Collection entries

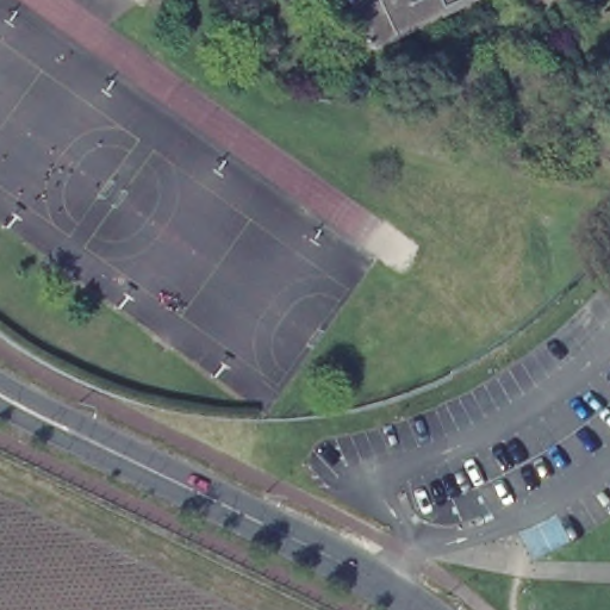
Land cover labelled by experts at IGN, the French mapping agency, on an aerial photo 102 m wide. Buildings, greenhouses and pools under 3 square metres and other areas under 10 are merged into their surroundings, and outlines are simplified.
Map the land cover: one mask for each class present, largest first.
<instances>
[{"label":"impervious surface","instance_id":"1","mask_svg":"<svg viewBox=\"0 0 610 610\"><path fill-rule=\"evenodd\" d=\"M136 2L143 5L145 0H0V222L33 245L29 255L36 257L33 269H60V276L69 279L76 291L86 288L91 281H98L102 288V303H112L117 310L131 315L153 334L167 338L174 350L200 365L210 376L238 391L236 400H260L264 410H260L257 417L267 419V412L274 405V400L288 386L310 348L322 338L326 326L346 305V300L350 298V293L367 274L374 260L369 253H365L362 245L384 222L381 217L367 212L362 205L350 200L346 193L331 188L305 164L295 162L284 150L272 145L264 136L255 133L248 124L234 117L217 100L198 91L193 83L181 79L169 67H164L155 55L150 52H145L143 48H138L136 43L114 31V19L119 14L129 12ZM0 359L62 397L204 460L267 493H276L279 503L298 512H305L322 524L353 531L381 546L379 553H365L307 522L286 519L272 505L253 498L250 493L238 491L219 479H210L195 472L193 467L145 443H138L131 436L119 434L100 422H93L91 417L74 412L67 405L50 400L48 396H41L0 372V450L50 474L52 479H60L64 484H71L74 488L86 491L98 500L112 503L124 512H131L155 524L157 529L174 534L186 543L200 546L212 555L234 562L248 574L276 581L286 591L310 598L315 605H319V610H450L419 586L422 574L467 605H472L474 610H493L467 584L443 572L448 562L522 579L600 584L605 581L610 586V560L605 565L555 562L553 550L569 543L574 536H584L598 522L610 519V291L608 293L593 295L550 341L531 350L524 360L508 367L477 391L453 403H446L431 412L417 415L412 419L353 436L329 438L315 446L310 455V477L317 486L329 491L326 496L310 498L303 491L269 477L262 469L248 467L245 462L226 453H219L203 441H195L176 429H169L126 407L131 398L126 393L105 388L86 376H79L67 367L55 365L45 355L19 343L5 329H0ZM46 443L186 510H195L205 519L255 541L272 546L276 555L272 558L269 567H257L248 555L207 534H198L183 529L176 519L42 453ZM294 560L315 569L307 584L291 579L288 572ZM331 581H343L353 591L346 603H334L324 598L322 591Z\"/></svg>","mask_w":610,"mask_h":610},{"label":"herbaceous vegetation","instance_id":"2","mask_svg":"<svg viewBox=\"0 0 610 610\"><path fill-rule=\"evenodd\" d=\"M160 0H145L143 5L136 2L129 12L119 14L114 19V31L136 43L138 48H143L145 52H150L153 38L148 36V24H155ZM201 45L195 38H191L186 45H179L176 50L162 48L155 55L164 67H169L181 79L193 83L198 91L217 100L234 117L248 124L255 133L264 136L272 145L284 150L295 162L305 164L331 188L346 193L350 200L362 205L367 212L381 217L384 222L393 224L400 234L415 241L417 253L412 257V264L403 272L384 264L381 260H374L367 274L350 293V298L346 300V305L326 326L322 338L310 348L288 386L274 400V405L267 412V419L257 417L200 415L131 398L126 407L169 429H176L195 441H203L219 453H226L245 462L248 467L262 469L269 477L303 491L310 498L326 496L329 491L317 486L310 477V455L315 446L329 438L353 436L412 419L417 415L431 412L446 403H453L477 391L508 367L524 360L531 350L550 341L593 295L608 293L593 279H581L579 272L584 269V260L589 255L579 248L577 241H572V236L577 234L581 222L586 224V212L596 210V205L605 198L610 200V176L596 167L593 176L581 181L543 179L541 183H534L524 176L519 167V145H493L488 153L467 150L465 155H460L441 141V129L436 124L405 126L400 117H391L384 110L372 107L369 100L350 102L348 91L322 98H293L284 88L286 81H276L262 67H257L250 88H241V93L231 95L226 83L212 81L205 74L200 57ZM384 148H398L403 153L405 164L403 176L388 183L386 193H379L372 176V153H379ZM326 369H343L350 381L355 405L348 410L346 417H319L315 412H307L305 407V379H310L315 372ZM33 245L0 222V310H5L12 319L31 329L36 336L50 341L52 346L114 374L169 391L236 400L238 391L210 376L200 365L174 350L167 338L153 334L131 315L117 310L112 303H102V288L98 281H91L86 288L76 291V300H83L88 310L95 312L86 326H71L69 322L57 319L48 312L38 315V303L29 295L19 298L17 288L21 260L29 255ZM0 372L41 396H48L50 400L67 405L74 412L91 417L93 422H100L119 434L131 436L138 443H145L193 467L195 472L210 479H219L238 491L250 493L253 498L272 505L286 519L307 522L365 553H379L381 546L353 531L322 524L305 512H298L279 503L276 493H267L204 460L62 397L0 359ZM42 453L176 519L181 510H186L46 443ZM0 496L41 510L50 515V519L62 522L76 531H88L98 541L114 546L117 550L136 558L138 562H150L164 574L183 579L193 589L217 596L226 605L238 610H319V605H315L310 598L286 591L276 581L248 574L234 562L212 555L200 546L186 543L174 534L157 529L155 524L131 512H124L112 503L98 500L86 491L74 488L71 484H64L60 479H52L50 474L0 450ZM198 534H207L248 555L255 541L205 519ZM555 562L605 565L610 560V519L598 522L584 536H574L569 543L553 550ZM443 572L467 584L493 610H610V586L605 581L600 584L522 579L448 562ZM419 586L450 610H474L472 605H467L422 574Z\"/></svg>","mask_w":610,"mask_h":610},{"label":"deciduous trees","instance_id":"3","mask_svg":"<svg viewBox=\"0 0 610 610\"><path fill-rule=\"evenodd\" d=\"M376 14V0H160L155 24H148V36L153 38L150 52L155 55L162 48L176 50L179 45H186L191 38H195L201 45L200 57L205 74L212 81L226 83L231 95L241 93V88H250L257 67H262L276 81H286L284 88L293 98H322L348 91L350 102L369 100L372 107L384 110L391 117H400L405 126L436 124L441 129V141L460 155H465L467 150L488 153L493 145H519V167L524 176L534 183H541L543 179L581 181L593 176L596 167L610 176V0H479L467 10L453 12L424 29H417L388 43L384 50L372 52L367 50L365 29ZM405 164L403 153L398 148H384L379 153H372V176L379 193H386L388 183L403 176ZM572 241H577L579 248L589 255L584 260V269L579 272L581 279H593L608 293L610 291V200L605 198L596 205V210L586 212V224L581 222L577 234L572 236ZM36 257L29 255L21 260L17 288L19 298L29 295L38 303V315L48 312L57 319L69 322L71 326H86L95 312L88 310L83 300H76V291L69 279L60 276V269H33ZM305 407L307 412H315L319 417H346L348 410L355 405L350 381L343 369H326L315 372L310 379H305ZM183 529L198 534L205 519L195 510H181L176 519ZM276 555L272 546L255 541L248 555L257 567H269L272 558ZM315 569L294 560L288 572L291 579L307 584ZM324 598L334 603H346L353 591L343 581H331L322 591Z\"/></svg>","mask_w":610,"mask_h":610},{"label":"vineyard","instance_id":"4","mask_svg":"<svg viewBox=\"0 0 610 610\"><path fill-rule=\"evenodd\" d=\"M0 610H238L226 605L217 596L193 589L183 579L164 574L150 562H138L136 558L117 550L114 546L98 541L88 531H76L62 522L50 519V515L41 510L0 496Z\"/></svg>","mask_w":610,"mask_h":610},{"label":"brushwood","instance_id":"5","mask_svg":"<svg viewBox=\"0 0 610 610\"><path fill-rule=\"evenodd\" d=\"M0 329H5L19 343L45 355L55 365L67 367L79 376H86L105 388L126 393L131 398L200 415L257 417L260 410H264L260 400H236L169 391L114 374L52 346L50 341L36 336L31 329L12 319L5 310H0Z\"/></svg>","mask_w":610,"mask_h":610},{"label":"building","instance_id":"6","mask_svg":"<svg viewBox=\"0 0 610 610\"><path fill-rule=\"evenodd\" d=\"M479 0H376V14L365 29L367 50L372 52L384 50L388 43L417 29H424L453 12L467 10Z\"/></svg>","mask_w":610,"mask_h":610},{"label":"pervious surface","instance_id":"7","mask_svg":"<svg viewBox=\"0 0 610 610\"><path fill-rule=\"evenodd\" d=\"M365 253H369L374 260H381L384 264L403 272L412 264V257L417 253L415 241L400 234L393 224L384 222L362 245Z\"/></svg>","mask_w":610,"mask_h":610}]
</instances>

**Action item:** Lines above with the word "cover" should be counted, and the reply is that count alone.

**Output for this task:** 2